After the War, “the Fire Department was reorganized early in 1866” and James acted as president of “Mechanic Fire Company, No. 2.” He served again as Fourth Ward Councilman in 1867, and his political career culminated in service in the Georgia House of Representatives.

The 1870 U.S. federal census located James still in the Fourth Ward with his family. By 1878 he had left the Fourth Ward for a residence on Crew Street where the 1880 U.S. federal census found him. He continued his work as a molder and associated with several different firms. When he died in June 1893, the Constitution noted that James was “known all over Atlanta as ‘Uncle Jimmie.'” He was buried at Oakland Cemetery.
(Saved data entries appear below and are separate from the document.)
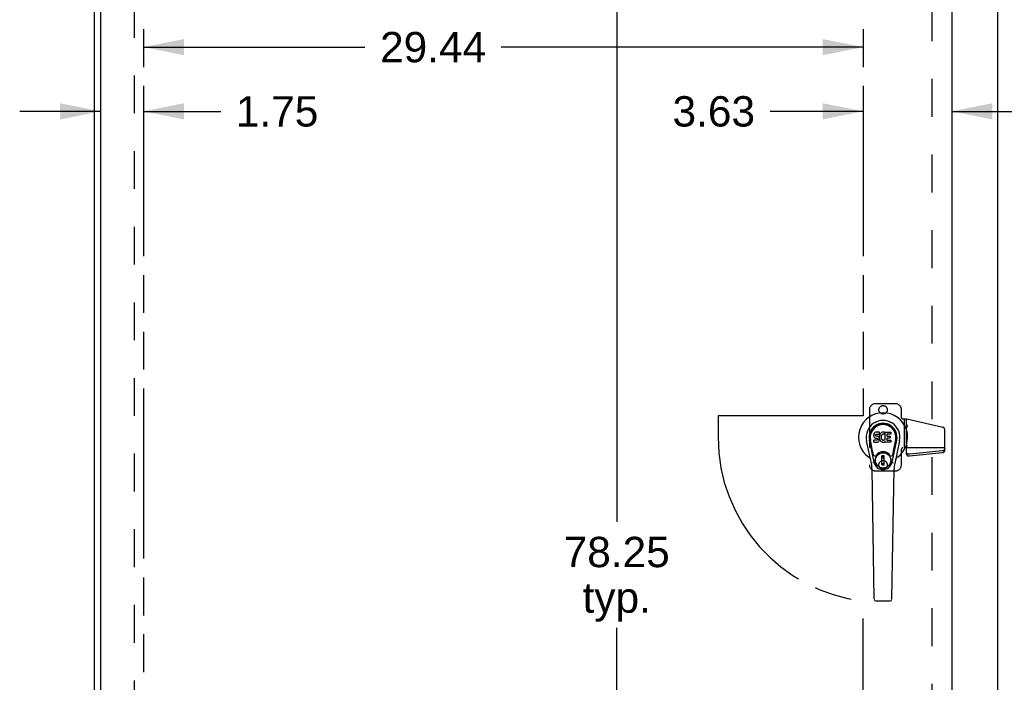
# Model space of a CAD drawing. Header units: inches. Extents: x 0 to 281, y 0 to 182.
# Tile 10 of 19: x 50 to 90, y 85 to 112. Entities that reach past the tile are written whole.
import ezdxf

# ---------------------------------------------------------------- set-up
doc = ezdxf.new("R2010")
doc.units = ezdxf.units.IN
doc.header["$LTSCALE"] = 15.47
doc.header["$MEASUREMENT"] = 0
doc.linetypes.add('HIDDEN', pattern=[0.2, 0.1, -0.1])
doc.linetypes.add('PHANTOM', pattern=[0.8, 0.45, -0.05, 0.1, -0.05, 0.1, -0.05])
doc.layers.get('0').update_dxf_attribs({"linetype": 'CONTINUOUS'})
for name, color, linetype in [('02___PRT_ALL_AXES', 7, 'CONTINUOUS'), ('AVAILABLE_DOOR_SPACE', 7, 'CONTINUOUS'), ('DEFAULT_2', 8, 'HIDDEN'), ('DIMENSIONS', 7, 'CONTINUOUS')]:
    doc.layers.add(name, color=color, linetype=linetype)
doc.styles.get("Standard").update_dxf_attribs({"font": 'arial.ttf'})
doc.dimstyles.new('DIMSTYLE_1', dxfattribs={"dimtxt": 1.240909, "dimasz": 1.654545, "dimexe": 0.09, "dimexo": 0.07, "dimgap": 0.0375, "dimtad": 0, "dimtih": 1, "dimtoh": 1, "dimzin": 4, "dimdsep": 46, "dimtxsty": 'Standard', "dimblk": '_FILLED', "dimblk1": '_FILLED', "dimblk2": '_FILLED', "dimcen": 0.09, "dimazin": 1, "dimtfac": 1, "dimtofl": 0, "dimtmove": 0, "dimatfit": 3, "dimldrblk": '_FILLED', "dimfxl": 0, "dimtolj": 1, "dimtzin": 4, "dimarcsym": 0})
doc.dimstyles.get("Standard").update_dxf_attribs({"dimtxt": 1.406364, "dimasz": 1.654545, "dimexe": 0.09, "dimexo": 0.07, "dimgap": 0.09, "dimtad": 0, "dimtih": 1, "dimtoh": 1, "dimzin": 4, "dimdsep": 46, "dimtxsty": 'Standard', "dimblk": '_FILLED', "dimblk1": '_FILLED', "dimblk2": '_FILLED', "dimcen": 0.09, "dimazin": 1, "dimtp": 0.01, "dimtm": 0.01, "dimtfac": 1, "dimtofl": 0, "dimtmove": 0, "dimatfit": 3, "dimldrblk": '_FILLED', "dimfxl": 0, "dimtolj": 1, "dimtzin": 4, "dimarcsym": 0})

# ---------------------------------------------------------------- blocks, each defined once
blk = doc.blocks.new('_FILLED')
at = {"color": 0, "linetype": 'ByBlock'}
blk.add_solid([(0, 0), (-1, 0.2), (-1, -0.2)], dxfattribs=at)
blk = doc.blocks.new('*D12')
at = {"layer": 'DIMENSIONS', "color": 2, "linetype": 'Continuous'}
for p, q in [((74.019, 133.664), (74.019, 91.086)), ((74.019, 55.414), (74.019, 86.743))]:
    blk.add_line(p, q, dxfattribs=at)
at = {"layer": 'DIMENSIONS', "color": 2, "linetype": 'Continuous', "xscale": 1.6545454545, "yscale": 1.6545454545, "zscale": 1.6545454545}
for p, rotation in [((74.019, 133.664), 90), ((74.019, 55.414), 270)]:
    blk.add_blockref('_FILLED', p, dxfattribs=dict(at, rotation=rotation))
at = {"layer": 'DIMENSIONS', "color": 2, "linetype": 'Continuous', "insert": (74.019, 90.466), "char_height": 1.2409, "width": 4.33626, "attachment_point": 2, "line_spacing_factor": 0.9}
blk.add_mtext('78.25\\Ptyp.', dxfattribs=at)
blk = doc.blocks.new('*D14')
at = {"layer": 'DIMENSIONS', "color": 2, "linetype": 'Continuous'}
for p, q in [((52.913, 107.873), (49.603, 107.873)), ((54.663, 107.873), (57.823, 107.873))]:
    blk.add_line(p, q, dxfattribs=at)
at = {"layer": 'DIMENSIONS', "color": 2, "linetype": 'Continuous', "xscale": 1.6545454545, "yscale": 1.6545454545, "zscale": 1.6545454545}
blk.add_blockref('_FILLED', (52.913, 107.873), dxfattribs=at)
at = {"layer": 'DIMENSIONS', "color": 2, "linetype": 'Continuous', "xscale": 1.6545454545, "yscale": 1.6545454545, "zscale": 1.6545454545, "rotation": 180}
blk.add_blockref('_FILLED', (54.663, 107.873), dxfattribs=at)
at = {"layer": 'DIMENSIONS', "color": 2, "linetype": 'Continuous', "insert": (58.444, 108.493), "char_height": 1.2409, "width": 3.37214, "attachment_point": 1, "line_spacing_factor": 0.9}
blk.add_mtext('1.75', dxfattribs=at)
blk = doc.blocks.new('*D15')
at = {"layer": 'DIMENSIONS', "color": 2, "linetype": 'Continuous'}
for p, q in [((54.663, 110.501), (63.721, 110.501)), ((84.1, 110.501), (69.298, 110.501))]:
    blk.add_line(p, q, dxfattribs=at)
at = {"layer": 'DIMENSIONS', "color": 2, "linetype": 'Continuous', "xscale": 1.6545454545, "yscale": 1.6545454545, "zscale": 1.6545454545, "rotation": 180}
blk.add_blockref('_FILLED', (54.663, 110.501), dxfattribs=at)
at = {"layer": 'DIMENSIONS', "color": 2, "linetype": 'Continuous', "xscale": 1.6545454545, "yscale": 1.6545454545, "zscale": 1.6545454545}
blk.add_blockref('_FILLED', (84.1, 110.501), dxfattribs=at)
at = {"layer": 'DIMENSIONS', "color": 2, "linetype": 'Continuous', "insert": (66.51, 111.121), "char_height": 1.2409, "width": 4.33626, "attachment_point": 2, "line_spacing_factor": 0.9}
blk.add_mtext('29.44', dxfattribs=at)
blk = doc.blocks.new('*D16')
at = {"layer": 'DIMENSIONS', "color": 2, "linetype": 'Continuous'}
for p, q in [((84.1, 107.873), (80.295, 107.873)), ((87.725, 107.873), (91.034, 107.873))]:
    blk.add_line(p, q, dxfattribs=at)
at = {"layer": 'DIMENSIONS', "color": 2, "linetype": 'Continuous', "xscale": 1.6545454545, "yscale": 1.6545454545, "zscale": 1.6545454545}
blk.add_blockref('_FILLED', (84.1, 107.873), dxfattribs=at)
at = {"layer": 'DIMENSIONS', "color": 2, "linetype": 'Continuous', "xscale": 1.6545454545, "yscale": 1.6545454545, "zscale": 1.6545454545, "rotation": 180}
blk.add_blockref('_FILLED', (87.725, 107.873), dxfattribs=at)
at = {"layer": 'DIMENSIONS', "color": 2, "linetype": 'Continuous', "insert": (79.675, 108.493), "char_height": 1.2409, "width": 3.37214, "attachment_point": 3, "line_spacing_factor": 0.9}
blk.add_mtext('3.63', dxfattribs=at)

msp = doc.modelspace()

# ---------------------------------------------------------------- linework, layer by layer
at = {"color": 3, "linetype": 'Continuous'}
for p, q in [((52.663, 47.643), (52.663, 137.435)), ((52.913, 134.685), (52.913, 54.393)), ((87.725, 134.685), (87.725, 54.393)), ((89.6, 54.393), (89.6, 134.685))]:
    msp.add_line(p, q, dxfattribs=at)
at = {"color": 7, "linetype": 'Continuous'}
for p, q in [((84.528, 94.653), (84.526, 94.629)), ((84.526, 94.629), (84.527, 94.605)), ((84.533, 94.676), (84.528, 94.653)), ((84.542, 94.699), (84.533, 94.676)), ((84.556, 94.718), (84.542, 94.699)), ((84.564, 94.726), (84.556, 94.718)), ((84.574, 94.733), (84.564, 94.726)), ((84.596, 94.743), (84.574, 94.733)), ((84.619, 94.75), (84.596, 94.743)), ((84.597, 94.618), (84.598, 94.633)), ((84.598, 94.633), (84.6, 94.648)), ((84.6, 94.648), (84.603, 94.654)), ((84.603, 94.654), (84.609, 94.659)), ((84.609, 94.659), (84.623, 94.664)), ((84.759, 94.75), (84.619, 94.75)), ((84.623, 94.664), (84.638, 94.665)), ((84.638, 94.665), (84.751, 94.665)), ((84.751, 94.665), (84.756, 94.665)), ((84.756, 94.665), (84.758, 94.671)), ((84.758, 94.671), (84.759, 94.683)), ((84.76, 94.707), (84.759, 94.75)), ((84.759, 94.683), (84.76, 94.707)), ((84.773, 94.629), (84.767, 94.608)), ((84.781, 94.65), (84.773, 94.629)), ((84.792, 94.67), (84.781, 94.65)), ((84.805, 94.688), (84.792, 94.67)), ((84.82, 94.704), (84.805, 94.688)), ((84.836, 94.72), (84.82, 94.704)), ((84.854, 94.733), (84.836, 94.72)), ((84.855, 94.632), (84.841, 94.609)), ((84.875, 94.742), (84.854, 94.733)), ((84.864, 94.642), (84.855, 94.632)), ((84.874, 94.65), (84.864, 94.642)), ((84.899, 94.66), (84.874, 94.65)), ((84.897, 94.746), (84.875, 94.742)), ((84.919, 94.749), (84.897, 94.746)), ((84.912, 94.663), (84.899, 94.66)), ((84.925, 94.663), (84.912, 94.663)), ((84.941, 94.748), (84.919, 94.749)), ((84.938, 94.66), (84.925, 94.663)), ((84.951, 94.655), (84.938, 94.66)), ((84.952, 94.747), (84.941, 94.748)), ((84.963, 94.743), (84.952, 94.747)), ((84.983, 94.726), (84.957, 94.658)), ((84.982, 94.731), (84.963, 94.743)), ((84.992, 94.423), (84.992, 94.748)), ((84.992, 94.748), (85.229, 94.748)), ((85.062, 94.66), (85.062, 94.593)), ((85.229, 94.665), (85.066, 94.665)), ((85.233, 94.744), (85.233, 94.669)), ((84.436, 93.469), (84.238, 94.395)), ((84.546, 93.516), (84.354, 94.42)), ((84.402, 94.193), (84.358, 94.42)), ((84.469, 94.047), (84.395, 94.428)), ((84.527, 94.605), (84.531, 94.582)), ((84.528, 94.343), (84.528, 94.418)), ((84.531, 94.582), (84.539, 94.56)), ((84.592, 94.423), (84.533, 94.423)), ((84.533, 94.339), (84.677, 94.339)), ((84.539, 94.56), (84.552, 94.539)), ((84.552, 94.539), (84.568, 94.522)), ((84.568, 94.522), (84.588, 94.509)), ((84.588, 94.509), (84.599, 94.505)), ((84.653, 94.424), (84.592, 94.423)), ((84.598, 94.61), (84.597, 94.618)), ((84.6, 94.603), (84.598, 94.61)), ((84.599, 94.505), (84.611, 94.503)), ((84.605, 94.597), (84.6, 94.603)), ((84.611, 94.592), (84.605, 94.597)), ((84.625, 94.588), (84.611, 94.592)), ((84.611, 94.503), (84.658, 94.502)), ((84.649, 94.589), (84.625, 94.588)), ((84.673, 94.588), (84.649, 94.589)), ((84.668, 94.425), (84.653, 94.424)), ((84.658, 94.502), (84.666, 94.502)), ((84.666, 94.502), (84.673, 94.499)), ((84.675, 94.428), (84.668, 94.425)), ((84.697, 94.583), (84.673, 94.588)), ((84.673, 94.499), (84.679, 94.495)), ((84.68, 94.434), (84.675, 94.428)), ((84.677, 94.339), (84.689, 94.34)), ((84.679, 94.495), (84.684, 94.489)), ((84.689, 94.446), (84.68, 94.434)), ((84.684, 94.489), (84.69, 94.475)), ((84.692, 94.452), (84.689, 94.446)), ((84.689, 94.34), (84.7, 94.344)), ((84.69, 94.475), (84.693, 94.46)), ((84.693, 94.46), (84.692, 94.452)), ((84.707, 94.578), (84.697, 94.583)), ((84.7, 94.344), (84.72, 94.358)), ((84.717, 94.571), (84.707, 94.578)), ((84.735, 94.554), (84.717, 94.571)), ((84.72, 94.358), (84.737, 94.375)), ((84.748, 94.534), (84.735, 94.554)), ((84.737, 94.375), (84.744, 94.385)), ((84.744, 94.385), (84.749, 94.396)), ((84.757, 94.512), (84.748, 94.534)), ((84.749, 94.396), (84.758, 94.418)), ((84.763, 94.489), (84.757, 94.512)), ((84.763, 94.586), (84.758, 94.542)), ((84.758, 94.542), (84.759, 94.519)), ((84.758, 94.418), (84.764, 94.441)), ((84.759, 94.519), (84.762, 94.497)), ((84.762, 94.497), (84.767, 94.475)), ((84.767, 94.608), (84.763, 94.586)), ((84.766, 94.465), (84.763, 94.489)), ((84.764, 94.441), (84.766, 94.465)), ((84.767, 94.475), (84.774, 94.454)), ((84.774, 94.454), (84.795, 94.415)), ((84.795, 94.415), (84.808, 94.397)), ((84.808, 94.397), (84.822, 94.38)), ((84.822, 94.38), (84.839, 94.365)), ((84.832, 94.584), (84.828, 94.557)), ((84.828, 94.557), (84.828, 94.53)), ((84.828, 94.53), (84.829, 94.517)), ((84.829, 94.517), (84.832, 94.504)), ((84.835, 94.597), (84.832, 94.584)), ((84.832, 94.504), (84.842, 94.48)), ((84.841, 94.609), (84.835, 94.597)), ((84.839, 94.365), (84.857, 94.351)), ((84.842, 94.48), (84.855, 94.456)), ((84.855, 94.456), (84.864, 94.446)), ((84.857, 94.351), (84.866, 94.346)), ((84.864, 94.446), (84.874, 94.438)), ((84.866, 94.346), (84.877, 94.343)), ((84.874, 94.438), (84.885, 94.43)), ((84.877, 94.343), (84.899, 94.337)), ((84.885, 94.43), (84.898, 94.425)), ((84.898, 94.425), (84.911, 94.423)), ((84.899, 94.337), (84.921, 94.334)), ((84.911, 94.423), (84.924, 94.422)), ((84.921, 94.334), (84.943, 94.338)), ((84.924, 94.422), (84.938, 94.424)), ((84.938, 94.424), (84.95, 94.428)), ((84.943, 94.338), (84.964, 94.344)), ((84.95, 94.428), (84.963, 94.434)), ((84.963, 94.434), (84.974, 94.441)), ((84.964, 94.344), (84.983, 94.356)), ((84.98, 94.44), (84.992, 94.423)), ((84.983, 94.356), (84.983, 94.356)), ((84.994, 94.356), (84.983, 94.356)), ((84.994, 94.343), (84.994, 94.356)), ((85.229, 94.339), (84.998, 94.339)), ((85.063, 94.502), (85.063, 94.424)), ((85.066, 94.588), (85.198, 94.588)), ((85.198, 94.506), (85.068, 94.506)), ((85.068, 94.42), (85.229, 94.42)), ((85.202, 94.584), (85.202, 94.511)), ((85.234, 94.415), (85.234, 94.343)), ((85.278, 93.516), (85.47, 94.42)), ((85.355, 94.047), (85.429, 94.428)), ((85.586, 94.395), (85.389, 93.469)), ((85.422, 94.193), (85.467, 94.42)), ((84.517, 93.821), (84.469, 94.047)), ((85.307, 93.821), (85.355, 94.047)), ((84.867, 93.407), (84.867, 93.781)), ((84.957, 93.781), (84.867, 93.781)), ((84.867, 93.742), (84.957, 93.742)), ((84.957, 93.447), (84.867, 93.447)), ((84.918, 93.742), (84.918, 93.663)), ((84.957, 93.663), (84.918, 93.663)), ((84.957, 93.407), (84.957, 93.781)), ((84.554, 87.923), (84.461, 93.244)), ((84.867, 93.407), (84.957, 93.407)), ((85.27, 87.923), (85.363, 93.244)), ((84.633, 87.846), (85.191, 87.846))]:
    msp.add_line(p, q, dxfattribs=at)
for points in [[(84.514, 93.486), (84.512, 93.491), (84.51, 93.497), (84.509, 93.502), (84.508, 93.508)], [(85.316, 93.508), (85.315, 93.502), (85.314, 93.497), (85.312, 93.491), (85.31, 93.486)]]:
    msp.add_lwpolyline(points, dxfattribs=at)
for radius in [0.317, 0.313]:
    msp.add_circle((84.912, 93.594), radius, dxfattribs=at)
for centre, radius, start, end in [((84.912, 94.539), 1.004, 305.5066, 234.4934), ((84.912, 94.539), 0.689, 347.9703, 192.0297), ((84.912, 94.539), 0.571, 347.9703, 192.0297), ((84.912, 94.529), 0.527, 348.9402, 191.0594), ((84.953, 94.659), 0.00448, 246.1578, 339.0016), ((84.979, 94.728), 0.00448, 339.0016, 51.8729), ((85.066, 94.66), 0.00448, 90, 180), ((85.229, 94.744), 0.00448, 0, 90), ((85.229, 94.669), 0.00448, 270, 360), ((84.533, 94.418), 0.00448, 90, 180.0119), ((84.533, 94.343), 0.00483, 180, 270), ((84.976, 94.438), 0.00448, 34.0893, 127.3444), ((84.998, 94.343), 0.00448, 180, 270), ((85.066, 94.593), 0.00448, 180, 270), ((85.068, 94.502), 0.00448, 90, 180), ((85.068, 94.424), 0.00448, 180, 270), ((85.198, 94.584), 0.00448, 0, 90), ((85.198, 94.511), 0.00448, 270, 360), ((85.229, 94.415), 0.00448, 0, 90), ((85.229, 94.343), 0.00448, 270, 360), ((84.575, 93.834), 0.0591, 192.0297, 324.5763), ((84.912, 93.594), 0.354, 35.4237, 144.5763), ((85.249, 93.834), 0.0591, 215.4237, 347.9703), ((84.215, 93.561), 0.197, 12.0297, 54.4934), ((83.28, 93.223), 1.181, 1, 12.0297), ((84.912, 93.594), 0.374, 192.0297, 347.9703), ((86.544, 93.223), 1.181, 167.9703, 179), ((85.609, 93.561), 0.197, 125.5066, 167.9703), ((84.633, 87.924), 0.0787, 181, 270), ((85.191, 87.924), 0.0787, 270, 359)]:
    msp.add_arc(centre, radius, start, end, dxfattribs=at)
msp.add_ellipse((84.912, 94.529), major_axis=(0, 0.565), ratio=0.999848, start_param=-1.76365, end_param=1.76365, dxfattribs=at)
at = {"layer": '02___PRT_ALL_AXES', "color": 8, "linetype": 'HIDDEN'}
for centre in [(84.912, 95.663), (84.912, 93.413)]:
    msp.add_circle(centre, 0.172, dxfattribs=at)
at = {"layer": 'AVAILABLE_DOOR_SPACE', "color": 4, "linetype": 'PHANTOM'}
for p, q in [((54.663, 133.664), (54.663, 55.414)), ((84.1, 133.664), (84.1, 95.414)), ((78.162, 95.414), (78.162, 94.539)), ((84.1, 95.414), (78.162, 95.414)), ((84.1, 55.414), (84.1, 87.838))]:
    msp.add_line(p, q, dxfattribs=at)
msp.add_arc((84.912, 94.539), 6.75, 180, 263.0908, dxfattribs=at)
at = {"layer": 'DEFAULT_2', "color": 8, "linetype": 'HIDDEN'}
for p, q in [((54.288, 134.091), (54.288, 54.987)), ((86.913, 55.054), (86.913, 134.024)), ((85.412, 95.913), (84.602, 95.913)), ((84.352, 95.663), (84.352, 93.413)), ((85.662, 95.353), (85.662, 95.663)), ((85.722, 95.293), (85.882, 95.293)), ((85.769, 95.293), (85.769, 94.111)), ((85.873, 93.848), (85.873, 95.293)), ((85.882, 95.293), (87.354, 94.951)), ((87.432, 93.99), (87.432, 94.854)), ((85.662, 93.413), (85.662, 94.051)), ((87.432, 94.111), (85.722, 94.111)), ((85.903, 94.181), (85.873, 94.181)), ((87.346, 93.986), (85.987, 93.844)), ((85.987, 93.774), (87.346, 93.917)), ((84.602, 93.163), (85.412, 93.163))]:
    msp.add_line(p, q, dxfattribs=at)
for points in [[(85.903, 95.052), (85.9, 95.044), (85.895, 95.027)], [(85.895, 95.027), (85.893, 95.018), (85.89, 95.01), (85.888, 95.001), (85.885, 94.993), (85.883, 94.984), (85.881, 94.975), (85.879, 94.966), (85.878, 94.957), (85.876, 94.948), (85.875, 94.939), (85.874, 94.93), (85.873, 94.92), (85.873, 94.911)], [(85.987, 93.844), (85.975, 93.843), (85.962, 93.843), (85.95, 93.845), (85.939, 93.847), (85.927, 93.851), (85.917, 93.856), (85.907, 93.861), (85.899, 93.867), (85.891, 93.875), (85.885, 93.882), (85.879, 93.89), (85.876, 93.899), (85.874, 93.908), (85.873, 93.917)], [(85.873, 93.848), (85.874, 93.838), (85.876, 93.83), (85.879, 93.821), (85.885, 93.813), (85.891, 93.805), (85.899, 93.798), (85.907, 93.792), (85.917, 93.786), (85.927, 93.781), (85.939, 93.778), (85.95, 93.775), (85.962, 93.774), (85.975, 93.773), (85.987, 93.774)], [(87.432, 94.06), (87.431, 94.051), (87.429, 94.042), (87.425, 94.034), (87.421, 94.026), (87.415, 94.018), (87.407, 94.011), (87.399, 94.005), (87.39, 93.999), (87.38, 93.994), (87.369, 93.991), (87.358, 93.988), (87.346, 93.986)], [(87.346, 93.917), (87.358, 93.918), (87.369, 93.921), (87.38, 93.925), (87.39, 93.93), (87.399, 93.935), (87.407, 93.941), (87.415, 93.948), (87.421, 93.956), (87.425, 93.964), (87.429, 93.973), (87.431, 93.981), (87.432, 93.99)]]:
    msp.add_lwpolyline(points, dxfattribs=at)
for centre, radius, start, end in [((84.602, 95.663), 0.25, 90, 180), ((85.412, 95.663), 0.25, 0, 90), ((85.722, 95.353), 0.06, 180, 270), ((87.332, 94.854), 0.1, 0, 76.9244), ((85.722, 94.051), 0.06, 90, 180), ((84.602, 93.413), 0.25, 180, 270), ((85.412, 93.413), 0.25, 270, 360)]:
    msp.add_arc(centre, radius, start, end, dxfattribs=at)
msp.add_ellipse((85.903, 94.226), major_axis=(0, -0.0448), ratio=0.669131, start_param=-1.570796, end_param=0, dxfattribs=at)

# ---------------------------------------------------------------- dimensions: what is measured, and where the dimension line sits
at = {"layer": 'DIMENSIONS', "color": 2, "linetype": 'Continuous'}
for base, p1, p2, picture, middle in [((87.725080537, 107.872845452), (84.100080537, 133.663643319), (87.725080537, 134.684643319), '*D16', (77.98684221, 107.865925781)), ((84.1, 110.501), (54.663, 55.414), (84.1, 133.664), '*D15', (66.493, 110.494))]:
    dim = msp.add_linear_dim(base=base, p1=p1, p2=p2, dimstyle='DIMSTYLE_1', dxfattribs=at)
    dim.commit()
    dim.dimension.update_dxf_attribs({"geometry": picture, "text_midpoint": middle, "dimtype": 160})
dim = msp.add_linear_dim(base=(74.019, 55.414), p1=(84.1, 133.664), p2=(84.1, 55.414), angle=270, text='<>\\Ptyp.', dimstyle='DIMSTYLE_1', dxfattribs=at)
dim.commit()
dim.dimension.update_dxf_attribs({"geometry": '*D12', "text_midpoint": (74.019, 88.914), "dimtype": 160})
dim = msp.add_linear_dim(base=(52.913, 107.873), p1=(54.663, 55.414), p2=(52.913, 54.393), angle=180, dimstyle='DIMSTYLE_1', dxfattribs=at)
dim.commit()
dim.dimension.update_dxf_attribs({"geometry": '*D14', "text_midpoint": (60.188, 107.866), "dimtype": 160})

# ---------------------------------------------------------------- leaders
at = {"layer": 'DIMENSIONS', "color": 2, "linetype": 'Continuous', "annotation_type": 0, "has_hookline": 1, "hookline_direction": 1, "text_width": 9.881}
msp.add_leader([(92.775, 94.98), (95.927, 99.198), (97.063, 99.198)], dimstyle='Standard', override={"dimtad": 0}, dxfattribs=at)

doc.saveas('drawing.dxf')

James and Angeline (Sigwald) Gullatt were the parents of four children: Angeline A. Gullatt (1854–1917), wife of Lyman Alonzo Edmund Redwine; Henry Calhoun Gullatt (1856–1924), a Plumbing Inspector for the City of Atlanta; James Edward Gullatt (1895–1965), a grocery salesman; and Mamie E. Gullatt (1895–1965), wife of William F. Stewart.

Select Bibliography

Atlanta Daily Examiner. “List of Letters.” April 3, 1855.

Atlanta Daily Intelligencer & Examiner. “Fireman’s Ball.” December 11 1857.

Garrett, Franklin M. Atlanta and Environs: A Chronicle of Its People and Events, 1880s–1930s. Vol. 2 of Atlanta and Environs: A Chronicle of Its People and Events. Athens, GA: Univ. of Georgia Press, 1969.

Harrison, John M. “William Barnes, C.S.A.” Atlanta Historical Bulletin 8, no. 31 (1947): 100–104.

———. “The Volunteer Firemen of Atlanta.” Atlanta Historical Bulletin 6, no. 26 (1941): 276–286.

Mitchell, Stephens. “Atlanta the Industrial Heart of the Confederacy.” Atlanta Historical Bulletin 1, no. 3 (1930): 20–27.

Ryan, Frank T. “Mechanic Fire Company, No. 2.” In Pioneer Citizens’s History of Atlanta, 166–169. Atlanta: Byrd Printing Co., 1902.